(About this task):
What is needed here is an exact repetition of the records below, beginning at the line that has "doc.layers.add('TEXT', color=3, linetype='CONTINUOUS')" and stopping after the line that has "layer by layer".

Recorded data

▼

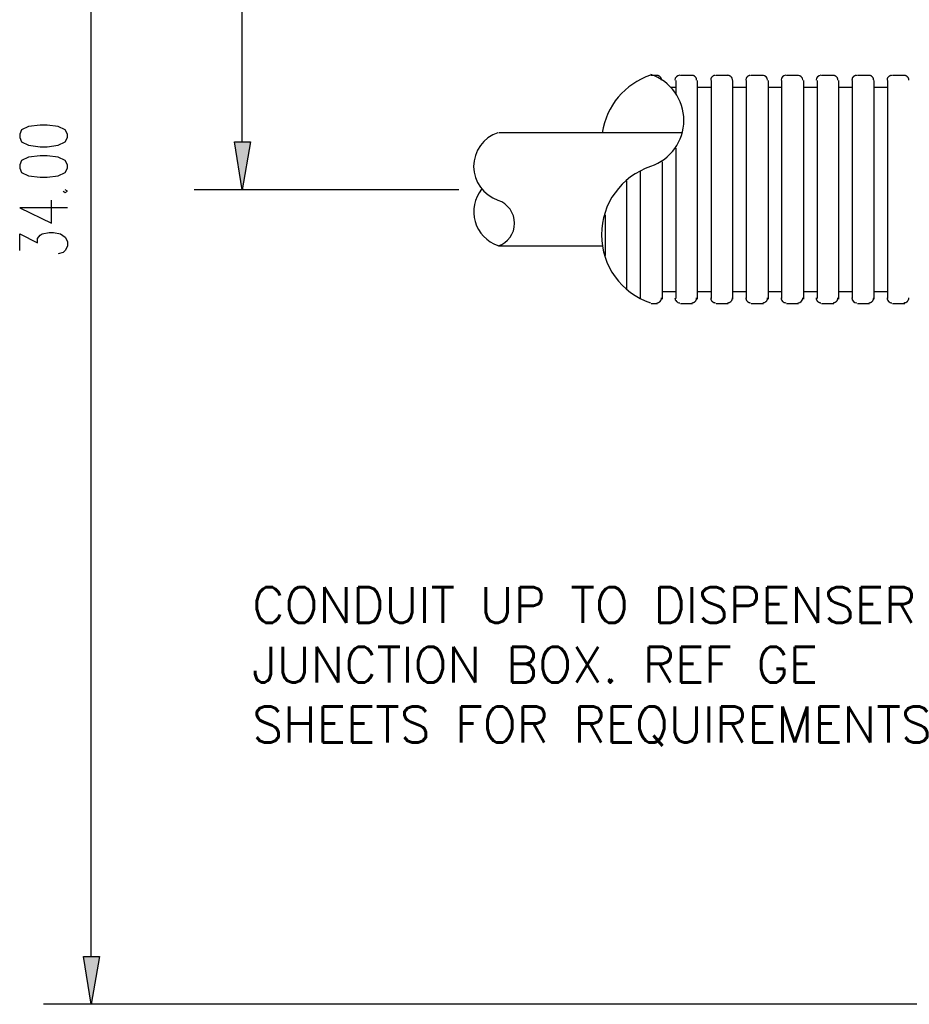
# Model space of a CAD drawing. Extents: x 1152 to 2559, y 156 to 782.
# Tile 32 of 111: x 1757 to 1775, y 675 to 695. Entities that reach past the tile are written whole.
import ezdxf

# ---------------------------------------------------------------- set-up
doc = ezdxf.new("R2010")
doc.units = 0
doc.header["$MEASUREMENT"] = 0
doc.layers.add('1', color=1, linetype='CONTINUOUS')
doc.layers.add('TEXT', color=3, linetype='CONTINUOUS')
doc.styles.add('sim001', font='simplex.shx', dxfattribs={"height": 0.08})

msp = doc.modelspace()

# ---------------------------------------------------------------- hatches: boundary and pattern name
at = {"layer": '1', "linetype": 'Continuous'}
for points in [[(1761.17464, 692.79572), (1761.50869, 692.79572), (1761.33498, 691.79358)], [(1758.02122, 675.75924), (1758.35527, 675.75924), (1758.18156, 674.75709)]]:
    msp.add_hatch(color=256, dxfattribs=at).paths.add_polyline_path(points, flags=0)

# ---------------------------------------------------------------- linework, layer by layer
for p, q in [((1758.18156, 675.75924), (1758.18156, 707.82791)), ((1761.33498, 692.79572), (1761.33498, 701.32064)), ((1770.02025, 694.18536), (1769.88663, 694.18536)), ((1770.12714, 694.07847), (1770.12714, 694.08181)), ((1770.40774, 694.07847), (1770.40774, 693.79787)), ((1770.75515, 694.18536), (1770.50128, 694.18536)), ((1770.86205, 689.50868), (1770.86205, 694.07847)), ((1771.14265, 694.07847), (1771.14265, 693.93149)), ((1771.50342, 694.18536), (1771.24955, 694.18536)), ((1771.59696, 689.50868), (1771.59696, 694.07847)), ((1772.23833, 694.18536), (1771.98445, 694.18536)), ((1772.34523, 689.50868), (1772.34523, 694.07847)), ((1772.61247, 694.07847), (1772.61247, 693.93149)), ((1772.97324, 694.18536), (1772.71936, 694.18536)), ((1773.08013, 689.50868), (1773.08013, 694.07847)), ((1773.36073, 694.07847), (1773.36073, 693.93149)), ((1773.70814, 694.18536), (1773.45427, 694.18536)), ((1773.81504, 689.50868), (1773.81504, 694.07847)), ((1774.09564, 694.07847), (1774.09564, 693.93149)), ((1774.45641, 694.18536), (1774.20254, 694.18536)), ((1774.54995, 689.50868), (1774.54995, 694.07847)), ((1774.83055, 694.07847), (1774.83055, 693.93149)), ((1775.19132, 694.18536), (1774.93744, 694.18536)), ((1770.40774, 693.93149), (1770.30085, 693.93149)), ((1771.14265, 693.93149), (1770.86205, 693.93149)), ((1771.14265, 693.93149), (1771.14265, 689.52204)), ((1771.87756, 693.93149), (1771.87756, 689.52204)), ((1772.61247, 693.93149), (1772.34523, 693.93149)), ((1772.61247, 693.93149), (1772.61247, 689.52204)), ((1773.36073, 693.93149), (1773.08013, 693.93149)), ((1773.36073, 693.93149), (1773.36073, 689.52204)), ((1774.09564, 693.93149), (1773.81504, 693.93149)), ((1774.09564, 693.93149), (1774.09564, 689.52204)), ((1774.83055, 693.93149), (1774.54995, 693.93149)), ((1774.83055, 693.93149), (1774.83055, 689.52204)), ((1770.54136, 692.98279), (1766.70649, 692.98279)), ((1770.40774, 692.6621), (1770.40774, 689.52204)), ((1770.12714, 689.50868), (1770.12714, 692.3815)), ((1769.65948, 692.18107), (1769.65948, 689.52204)), ((1769.37887, 689.70911), (1769.37887, 691.98064)), ((1765.86468, 691.79358), (1760.33284, 691.79358)), ((1768.92457, 691.27246), (1768.92457, 690.4173)), ((1768.88448, 690.61772), (1766.70649, 690.61772)), ((1770.12714, 689.66903), (1770.40774, 689.66903)), ((1770.86205, 689.66903), (1771.14265, 689.66903)), ((1771.59696, 689.66903), (1771.87756, 689.66903)), ((1772.34523, 689.66903), (1772.61247, 689.66903)), ((1773.08013, 689.66903), (1773.36073, 689.66903)), ((1773.81504, 689.66903), (1774.09564, 689.66903)), ((1774.54995, 689.66903), (1774.83055, 689.66903)), ((1769.88663, 689.41515), (1770.02025, 689.41515)), ((1770.50128, 689.41515), (1770.75515, 689.41515)), ((1771.24955, 689.41515), (1771.50342, 689.41515)), ((1771.98445, 689.41515), (1772.23833, 689.41515)), ((1772.71936, 689.41515), (1772.97324, 689.41515)), ((1773.45427, 689.41515), (1773.70814, 689.41515)), ((1774.20254, 689.41515), (1774.45641, 689.41515)), ((1774.93744, 689.41515), (1775.19132, 689.41515)), ((1782.13954, 674.75709), (1757.17942, 674.75709))]:
    msp.add_line(p, q, dxfattribs=at)
for points in [[(1770.10637, 694.08726), (1770.10604, 694.09548), (1770.10506, 694.10351), (1770.10346, 694.11134), (1770.10126, 694.11893), (1770.0985, 694.12626), (1770.09519, 694.13331), (1770.09136, 694.14005), (1770.08704, 694.14644), (1770.08225, 694.15248), (1770.07702, 694.15812), (1770.07138, 694.16335), (1770.06534, 694.16814), (1770.05895, 694.17246), (1770.05221, 694.17629), (1770.04517, 694.1796), (1770.03783, 694.18236), (1770.03024, 694.18456), (1770.02241, 694.18616), (1770.01438, 694.18714), (1770.00616, 694.18747)], [(1770.84132, 694.08726), (1770.84098, 694.09548), (1770.84, 694.10351), (1770.8384, 694.11134), (1770.83621, 694.11893), (1770.83344, 694.12626), (1770.83013, 694.13331), (1770.8263, 694.14005), (1770.82198, 694.14644), (1770.81719, 694.15248), (1770.81196, 694.15812), (1770.80631, 694.16335), (1770.80028, 694.16814), (1770.79388, 694.17246), (1770.78715, 694.17629), (1770.7801, 694.1796), (1770.77277, 694.18236), (1770.76517, 694.18456), (1770.75735, 694.18616), (1770.74931, 694.18714), (1770.74109, 694.18747)], [(1771.23551, 694.18747), (1771.22729, 694.18714), (1771.21925, 694.18616), (1771.21142, 694.18456), (1771.20383, 694.18236), (1771.1965, 694.1796), (1771.18945, 694.17629), (1771.18271, 694.17246), (1771.17632, 694.16814), (1771.17029, 694.16335), (1771.16464, 694.15812), (1771.15941, 694.15248), (1771.15463, 694.14644), (1771.1503, 694.14005), (1771.14648, 694.13331), (1771.14317, 694.12626), (1771.1404, 694.11893), (1771.1382, 694.11134), (1771.1366, 694.10351), (1771.13562, 694.09548), (1771.13529, 694.08726)], [(1771.58961, 694.08726), (1771.58928, 694.09548), (1771.5883, 694.10351), (1771.5867, 694.11134), (1771.5845, 694.11893), (1771.58173, 694.12626), (1771.57842, 694.13331), (1771.57459, 694.14005), (1771.57027, 694.14644), (1771.56548, 694.15248), (1771.56025, 694.15812), (1771.55461, 694.16335), (1771.54858, 694.16814), (1771.54218, 694.17246), (1771.53544, 694.17629), (1771.5284, 694.1796), (1771.52106, 694.18236), (1771.51347, 694.18456), (1771.50564, 694.18616), (1771.4976, 694.18714), (1771.48938, 694.18747)], [(1771.87756, 694.07847), (1771.87756, 693.93149), (1771.59696, 693.93149)], [(1771.97044, 694.18747), (1771.96222, 694.18714), (1771.95418, 694.18616), (1771.94635, 694.18456), (1771.93876, 694.18236), (1771.93143, 694.1796), (1771.92438, 694.17629), (1771.91765, 694.17246), (1771.91125, 694.16814), (1771.90522, 694.16335), (1771.89957, 694.15812), (1771.89435, 694.15248), (1771.88956, 694.14644), (1771.88524, 694.14005), (1771.88141, 694.13331), (1771.8781, 694.12626), (1771.87533, 694.11893), (1771.87314, 694.11134), (1771.87154, 694.10351), (1771.87056, 694.09548), (1771.87022, 694.08726)], [(1773.79442, 694.08726), (1773.79409, 694.09548), (1773.79311, 694.10351), (1773.79151, 694.11134), (1773.78931, 694.11893), (1773.78655, 694.12626), (1773.78324, 694.13331), (1773.77941, 694.14005), (1773.77509, 694.14644), (1773.7703, 694.15248), (1773.76507, 694.15812), (1773.75942, 694.16335), (1773.75339, 694.16814), (1773.74699, 694.17246), (1773.74026, 694.17629), (1773.73321, 694.1796), (1773.72588, 694.18236), (1773.71829, 694.18456), (1773.71046, 694.18616), (1773.70243, 694.18714), (1773.69421, 694.18747)], [(1774.18861, 694.18747), (1774.1804, 694.18714), (1774.17236, 694.18616), (1774.16453, 694.18456), (1774.15694, 694.18236), (1774.14961, 694.1796), (1774.14256, 694.17629), (1774.13583, 694.17246), (1774.12943, 694.16814), (1774.1234, 694.16335), (1774.11775, 694.15812), (1774.11252, 694.15248), (1774.10774, 694.14644), (1774.10342, 694.14005), (1774.09959, 694.13331), (1774.09628, 694.12626), (1774.09351, 694.11893), (1774.09131, 694.11134), (1774.08971, 694.10351), (1774.08873, 694.09548), (1774.0884, 694.08726)], [(1774.54272, 694.08726), (1774.54239, 694.09548), (1774.54141, 694.10351), (1774.53981, 694.11134), (1774.53761, 694.11893), (1774.53484, 694.12626), (1774.53153, 694.13331), (1774.52771, 694.14005), (1774.52338, 694.14644), (1774.5186, 694.15248), (1774.51337, 694.15812), (1774.50772, 694.16335), (1774.50169, 694.16814), (1774.49529, 694.17246), (1774.48856, 694.17629), (1774.48151, 694.1796), (1774.47418, 694.18236), (1774.46659, 694.18456), (1774.45876, 694.18616), (1774.45072, 694.18714), (1774.4425, 694.18747)], [(1774.92356, 694.18747), (1774.91534, 694.18714), (1774.9073, 694.18616), (1774.89947, 694.18456), (1774.89188, 694.18236), (1774.88455, 694.1796), (1774.8775, 694.17629), (1774.87076, 694.17246), (1774.86437, 694.16814), (1774.85833, 694.16335), (1774.85269, 694.15812), (1774.84746, 694.15248), (1774.84267, 694.14644), (1774.83835, 694.14005), (1774.83452, 694.13331), (1774.83121, 694.12626), (1774.82844, 694.11893), (1774.82624, 694.11134), (1774.82464, 694.10351), (1774.82366, 694.09548), (1774.82333, 694.08726)], [(1775.27765, 694.08726), (1775.27732, 694.09548), (1775.27634, 694.10351), (1775.27474, 694.11134), (1775.27254, 694.11893), (1775.26978, 694.12626), (1775.26647, 694.13331), (1775.26264, 694.14005), (1775.25832, 694.14644), (1775.25353, 694.15248), (1775.2483, 694.15812), (1775.24266, 694.16335), (1775.23662, 694.16814), (1775.23023, 694.17246), (1775.22349, 694.17629), (1775.21645, 694.1796), (1775.20911, 694.18236), (1775.20152, 694.18456), (1775.19369, 694.18616), (1775.18566, 694.18714), (1775.17744, 694.18747)], [(1757.59364, 691.76685), (1757.63373, 691.74013), (1757.68717, 691.76685), (1757.63373, 691.79358)], [(1757.68717, 691.41944), (1756.68503, 691.41944), (1757.35312, 691.09875), (1757.35312, 691.57978)], [(1756.68503, 690.52419), (1756.68503, 690.8716), (1757.05916, 690.68453), (1757.05916, 690.77807), (1757.11261, 690.84488), (1757.1527, 690.8716), (1757.29968, 690.89833), (1757.39321, 690.89833), (1757.54019, 690.8716), (1757.63373, 690.80479), (1757.68717, 690.71126), (1757.68717, 690.61772), (1757.63373, 690.52419), (1757.59364, 690.48411), (1757.48674, 690.45738)], [(1770.74109, 689.43043), (1770.74931, 689.43077), (1770.75735, 689.43175), (1770.76517, 689.43335), (1770.77277, 689.43554), (1770.7801, 689.43831), (1770.78715, 689.44162), (1770.79388, 689.44545), (1770.80028, 689.44977), (1770.80631, 689.45456), (1770.81196, 689.45979), (1770.81719, 689.46543), (1770.82198, 689.47146), (1770.8263, 689.47786), (1770.83013, 689.4846), (1770.83344, 689.49164), (1770.83621, 689.49897), (1770.8384, 689.50657), (1770.84, 689.51439), (1770.84098, 689.52243), (1770.84132, 689.53065)], [(1771.13529, 689.53064), (1771.13562, 689.52242), (1771.1366, 689.51438), (1771.1382, 689.50656), (1771.1404, 689.49897), (1771.14317, 689.49163), (1771.14648, 689.48459), (1771.1503, 689.47785), (1771.15463, 689.47146), (1771.15941, 689.46543), (1771.16464, 689.45978), (1771.17029, 689.45456), (1771.17632, 689.44977), (1771.18271, 689.44545), (1771.18945, 689.44162), (1771.1965, 689.43831), (1771.20383, 689.43554), (1771.21142, 689.43335), (1771.21925, 689.43175), (1771.22729, 689.43077), (1771.23551, 689.43044)], [(1771.48938, 689.43043), (1771.4976, 689.43077), (1771.50564, 689.43175), (1771.51347, 689.43335), (1771.52106, 689.43554), (1771.5284, 689.43831), (1771.53544, 689.44162), (1771.54218, 689.44545), (1771.54858, 689.44977), (1771.55461, 689.45456), (1771.56025, 689.45979), (1771.56548, 689.46543), (1771.57027, 689.47146), (1771.57459, 689.47786), (1771.57842, 689.4846), (1771.58173, 689.49164), (1771.5845, 689.49897), (1771.5867, 689.50657), (1771.5883, 689.51439), (1771.58928, 689.52243), (1771.58961, 689.53065)], [(1771.87022, 689.53064), (1771.87056, 689.52242), (1771.87154, 689.51438), (1771.87314, 689.50656), (1771.87533, 689.49897), (1771.8781, 689.49163), (1771.88141, 689.48459), (1771.88524, 689.47785), (1771.88956, 689.47146), (1771.89435, 689.46543), (1771.89957, 689.45978), (1771.90522, 689.45456), (1771.91125, 689.44977), (1771.91765, 689.44545), (1771.92438, 689.44162), (1771.93143, 689.43831), (1771.93876, 689.43554), (1771.94635, 689.43335), (1771.95418, 689.43175), (1771.96222, 689.43077), (1771.97044, 689.43044)], [(1772.22433, 689.43043), (1772.23255, 689.43077), (1772.24058, 689.43175), (1772.24841, 689.43335), (1772.256, 689.43554), (1772.26333, 689.43831), (1772.27038, 689.44162), (1772.27712, 689.44545), (1772.28351, 689.44977), (1772.28955, 689.45456), (1772.29519, 689.45979), (1772.30042, 689.46543), (1772.30521, 689.47146), (1772.30953, 689.47786), (1772.31336, 689.4846), (1772.31667, 689.49164), (1772.31943, 689.49897), (1772.32163, 689.50657), (1772.32323, 689.51439), (1772.32421, 689.52243), (1772.32454, 689.53065)], [(1773.3401, 689.53064), (1773.34044, 689.52242), (1773.34142, 689.51438), (1773.34302, 689.50656), (1773.34521, 689.49897), (1773.34798, 689.49163), (1773.35129, 689.48459), (1773.35512, 689.47785), (1773.35944, 689.47146), (1773.36423, 689.46543), (1773.36946, 689.45978), (1773.3751, 689.45456), (1773.38114, 689.44977), (1773.38753, 689.44545), (1773.39427, 689.44162), (1773.40131, 689.43831), (1773.40865, 689.43554), (1773.41624, 689.43335), (1773.42406, 689.43175), (1773.4321, 689.43077), (1773.44032, 689.43044)], [(1773.69421, 689.43043), (1773.70243, 689.43077), (1773.71046, 689.43175), (1773.71829, 689.43335), (1773.72588, 689.43554), (1773.73321, 689.43831), (1773.74026, 689.44162), (1773.74699, 689.44545), (1773.75339, 689.44977), (1773.75942, 689.45456), (1773.76507, 689.45979), (1773.7703, 689.46543), (1773.77509, 689.47146), (1773.77941, 689.47786), (1773.78324, 689.4846), (1773.78655, 689.49164), (1773.78931, 689.49897), (1773.79151, 689.50657), (1773.79311, 689.51439), (1773.79409, 689.52243), (1773.79442, 689.53065)], [(1774.4425, 689.43043), (1774.45072, 689.43077), (1774.45876, 689.43175), (1774.46659, 689.43335), (1774.47418, 689.43554), (1774.48151, 689.43831), (1774.48856, 689.44162), (1774.49529, 689.44545), (1774.50169, 689.44977), (1774.50772, 689.45456), (1774.51337, 689.45979), (1774.5186, 689.46543), (1774.52338, 689.47146), (1774.52771, 689.47786), (1774.53153, 689.4846), (1774.53484, 689.49164), (1774.53761, 689.49897), (1774.53981, 689.50657), (1774.54141, 689.51439), (1774.54239, 689.52243), (1774.54272, 689.53065)]]:
    msp.add_lwpolyline(points, dxfattribs=at)
for points in [[(1756.68503, 692.88926), (1756.72511, 692.79572), (1756.87209, 692.72891), (1757.11261, 692.68883), (1757.25959, 692.68883), (1757.48674, 692.72891), (1757.63373, 692.79572), (1757.68717, 692.88926), (1757.68717, 692.95607), (1757.63373, 693.0496), (1757.48674, 693.11641), (1757.25959, 693.14313), (1757.11261, 693.14313), (1756.87209, 693.11641), (1756.72511, 693.0496), (1756.68503, 692.95607)], [(1761.17464, 692.79572), (1761.50869, 692.79572), (1761.33498, 691.79358)], [(1761.17464, 692.79572), (1761.50869, 692.79572), (1761.33498, 691.79358)], [(1756.68503, 692.24788), (1756.72511, 692.15435), (1756.87209, 692.08754), (1757.11261, 692.06082), (1757.25959, 692.06082), (1757.48674, 692.08754), (1757.63373, 692.15435), (1757.68717, 692.24788), (1757.68717, 692.31469), (1757.63373, 692.40823), (1757.48674, 692.47504), (1757.25959, 692.50176), (1757.11261, 692.50176), (1756.87209, 692.47504), (1756.72511, 692.40823), (1756.68503, 692.31469)], [(1758.02122, 675.75924), (1758.35527, 675.75924), (1758.18156, 674.75709)], [(1758.02122, 675.75924), (1758.35527, 675.75924), (1758.18156, 674.75709)]]:
    msp.add_lwpolyline(points, close=True, dxfattribs=at)
for centre, radius, start, end in [((1770.35356, 692.7644), 1.50318, 108.43499, 171.459237), ((1769.5652, 693.24543), 1.00882, 359.99961, 71.564881), ((1770.48721, 694.08726), 0.10026, 90.003914, 180.003499), ((1772.22432, 694.08725), 0.10011, 0.0029, 89.997272), ((1772.70538, 694.08726), 0.10039, 90.004109, 180.003213), ((1772.95926, 694.08725), 0.09975, 0.0029, 89.997141), ((1773.44032, 694.08725), 0.10027, 90.00278, 179.997396), ((1769.5652, 693.24541), 1.00882, 288.435077, 0.000802), ((1766.91945, 692.2833), 0.74161, 108.442125, 180.003981), ((1766.91943, 692.28332), 0.7416, 180.006029, 251.569665), ((1770.35356, 690.85356), 1.50319, 108.440256, 180.006369), ((1766.91943, 691.33457), 0.74159, 140.773134, 196.170268), ((1766.53192, 691.09407), 0.50104, 359.999059, 71.565244), ((1766.9194, 691.33457), 0.74156, 196.17058, 251.570999), ((1766.53192, 691.09405), 0.50106, 288.435001, 0.001803), ((1770.35359, 690.85352), 1.50321, 180.004936, 251.570143), ((1770.00616, 689.53065), 0.10019, 269.999352, 0.000716), ((1770.4872, 689.53064), 0.10029, 179.998344, 270.001376), ((1772.70537, 689.53064), 0.09969, 179.998864, 270.001436), ((1772.95926, 689.53066), 0.09993, 270.004226, 359.995759), ((1774.18861, 689.53065), 0.10009, 180.005372, 270.002501), ((1774.92355, 689.53065), 0.10054, 180.006497, 270.007945), ((1775.17744, 689.53065), 0.09993, 269.999309, 0.0005)]:
    msp.add_arc(centre, radius, start, end, dxfattribs=at)

# ---------------------------------------------------------------- texts
at = {"layer": 'TEXT', "insert": (1761.54792, 683.48503), "char_height": 0.75, "width": 16.2836274, "attachment_point": 1, "style": 'sim001'}
msp.add_mtext('CONDUIT UP TO DISPENSER JUNCTION BOX. REF GE SHEETS FOR REQUIREMENTS', dxfattribs=at)

doc.saveas('drawing.dxf')

▲

(Finished exercise):
doc.layers.add('TEXT', color=3, linetype='CONTINUOUS')
doc.styles.add('sim001', font='simplex.shx', dxfattribs={"height": 0.08})

msp = doc.modelspace()

# ---------------------------------------------------------------- hatches: boundary and pattern name
at = {"layer": '1', "linetype": 'Continuous'}
for points in [[(1761.17464, 692.79572), (1761.50869, 692.79572), (1761.33498, 691.79358)], [(1758.02122, 675.75924), (1758.35527, 675.75924), (1758.18156, 674.75709)]]:
    msp.add_hatch(color=256, dxfattribs=at).paths.add_polyline_path(points, flags=0)

# ---------------------------------------------------------------- linework, layer by layer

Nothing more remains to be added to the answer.